Further, although prejudice is often construed as a general negative evaluation of a target, it can also be the result of more nuanced biases toward a target. We investigated feelings of distrust, fear of contamination by unpalatable ideas, perceived symbolic threat to values, and perceived realistic threat (i.e., perceived prejudice received from the target group and negative experiences with the target group), all plausible mechanisms based on the religious prejudice literature—which has identified perceived symbolic threat to values and distrust—and on the broader prejudice literature, which suggests contamination and realistic threat to be relevant biases among the nonreligious towards the religious. Unlike for belief styles, we did not have specific hypotheses and explored which religious identity would be more strongly associated with specific biases. Understanding the role of these specific biases in attitudes towards the religious has important implications for understanding the nature of religious intergroup bias, and for the development of interventions to reduce it.
Method
Participants
Participants were workers on Amazon Mechanical Turk. Location was restricted to the United States. In exchange for $0.50, they participated in a study described as investigating emotions, beliefs, and personality. Demographic information was collected first, and only those who identified as nonreligious (atheist, agnostic, spiritual-but-not-religious) were directed to the present study. All other participants were taken to a different study investigating other questions. A total of 1,000 participants of all religious affiliations were recruited overall with the expectation that around 50% of them would identify as a member of a nonreligious group (Lewis, Djupe, Mockabee, & Su-Ya Wu, 2015). Indeed, a total of 444 qualified for this study. A total of 15 participants were not included in analyses because they did not complete all measures, and five additional participants were excluded due to suspicious responses, that is, they selected the same value across most measures, therefore the final analysis: n = 424; (68.4% women, 31.6% men; Mage = 38, SDage = 12.84; two participants did not report age).

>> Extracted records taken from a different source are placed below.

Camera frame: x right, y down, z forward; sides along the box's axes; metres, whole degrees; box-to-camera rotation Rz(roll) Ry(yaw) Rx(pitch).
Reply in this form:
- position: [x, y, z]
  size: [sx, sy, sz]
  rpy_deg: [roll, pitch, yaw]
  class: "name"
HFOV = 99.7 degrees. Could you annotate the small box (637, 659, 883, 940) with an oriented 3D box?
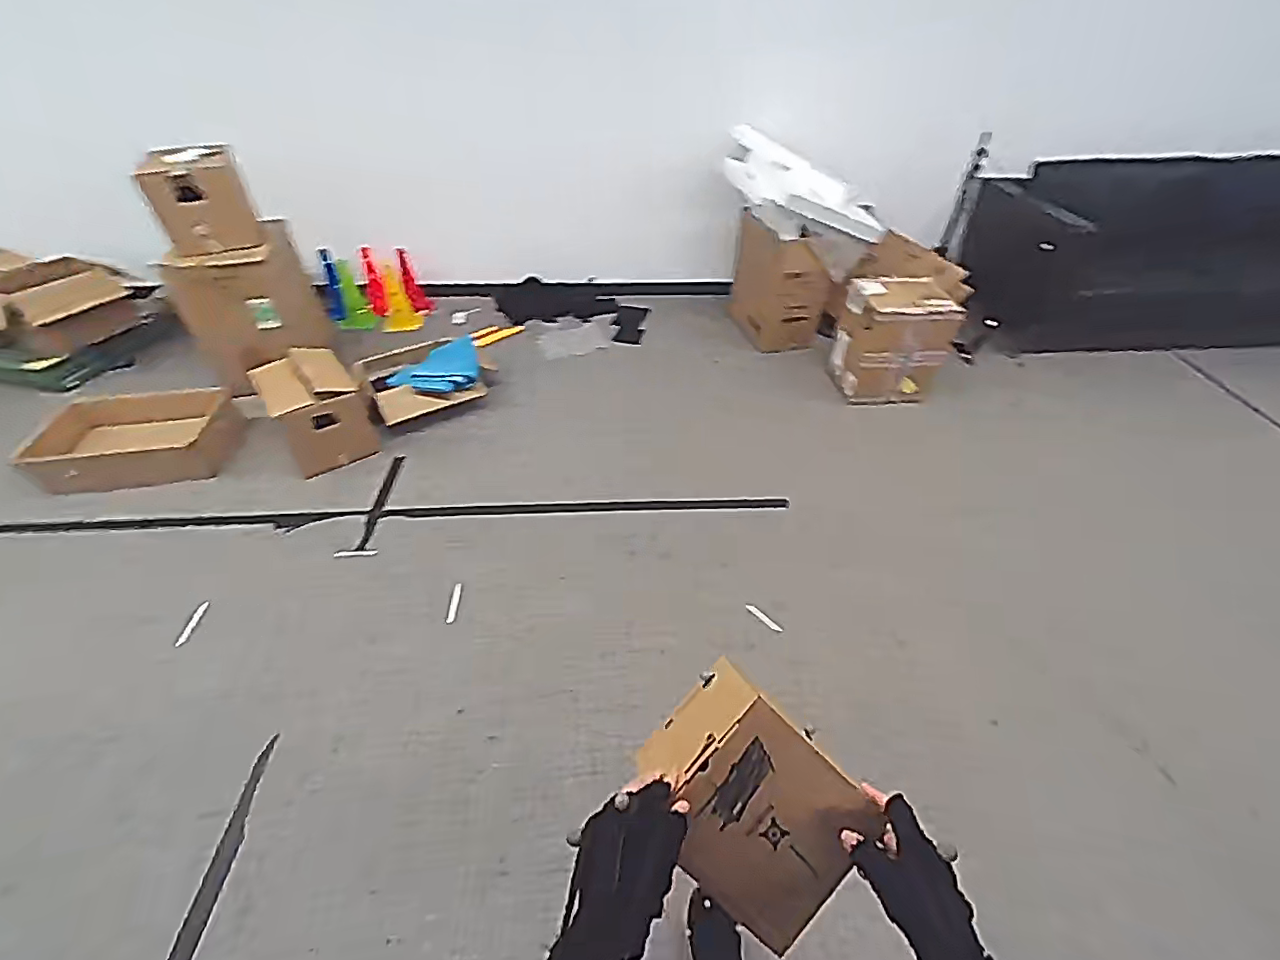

This sample size is larger than what was required following a power analysis using G*Power that would ensure 80% power to detect the smallest significant difference in Study 2. The majority identified their race as White/Caucasian (84.9%), and the remaining identified as Black/African American (9.2%), Asian (5.9%), American Indian or Alaskan Native (3.8%), Hawaiian (.2%), or other (2.1%), in which 4.7% identified as more than one race. In addition, 9% identified their ethnicity as Hispanic (10 participants did not report ethnicity). For this study, participants identified as agnostic (“not sure if God exists or not”; n = 139), atheist (“God does not exist”; n = 113), or as spiritual-but-not-religious (n = 172).
Procedure and measures
All measures were administered online. Prejudice and biases towards Muslims, Jews, and Buddhists were also assessed but are not presented here because of our focus on prejudice toward the majority religious group in the US, Christians (these data are available at https://osf.io/q78h4/).
Prejudice
The same two measures (feeling thermometer and social distance) as in Study 2 were used. As in Study 2, the target groups were atheists and Christians. Reliability for the social distance measure was good (atheists: α = .88; Christians: α = .83).
Mechanisms of prejudice
Individual differences in belief style
Three scales were used to measure individual differences in belief style. Participants completed a Dogmatism Scale (Uzarevic, Saroglou, & Clobert, 2017; abbreviated from Altemeyer, 2002), which measures the rigidity of one’s beliefs (α = .84). Altemeyer (2002) defined dogmatism as an unjustified and unchangeable certainty over one’s beliefs. Participants rated their degree of agreement (1 = strongly disagree, 6 = strongly agree) with six items (e.g., “It is best to be open to all possibilities and ready to reevaluate all your beliefs”; reverse-scored). Participants also completed the Intellectual Humility Scale (Leary et al., 2017) to measure the degree to which people recognize their beliefs may be wrong (α = .87). Participants rated the degree to which six statements described them (1 = not at all like me, 5 = very much like me), such as “I question my own opinions, positions, and viewpoints because they could be wrong.” Lastly, participants responded to an item measuring belief superiority (adapted from Toner et al., 2013). Participants indicated the extent to which they believe their views about the existence of God are no more correct than other viewpoints (1) to totally correct—mine is the only correct viewpoint (5).
Specific biases
A total of four biases were assessed to explain prejudice toward Christians: feelings of distrust (four items: “I do not trust this group’s moral values and moral judgement”; “I do not trust this group’s intellectual judgement or decision making”; “I trust this group to act in the best interest of those around them,” reverse-scored; and “I trust this group to evaluate situations accurately,” reverse-scored; α = .86); fear of contamination by unpalatable ideas (two items: “I do not want to be around this group and influenced by their ideas or views” and “I do not trust others who are around this group because they are influenced by their ideas or views”; r = .69); perceived symbolic threat (three items: “This group threatens my personal rights and freedom,” “This group’s moral values are inconsistent with my group’s moral values,” and “This group threatens society’s good functioning and progress”; α = .82); perceived realistic threat (four items: “This group is prejudiced against me and the groups that I am affiliated with,” “This group is prejudiced against other groups that I am not affiliated with,” “I have personally experienced or witnessed a member of this group or this group’s institution using an aspect of their faith as an excuse for immoral behavior,” and “I have personally been physically or emotionally attacked, rejected, or hurt by a member of this group or by this group’s institution in general”; α = .78). Participants rated their degree of agreement on a 5-point Likert-type scale (1 = strongly disagree, 5 = strongly agree).
Results and Discussion
Table S1 presents the correlation matrix for the measures of belief style and specific biases in the entire sample. Table 2 presents means and standard deviations for all measures by participants’ religious affiliation (see also Figure 3). There were no extreme outliers, as assessed by inspection of the boxplots for values greater than 3 box lengths from the edge of the box.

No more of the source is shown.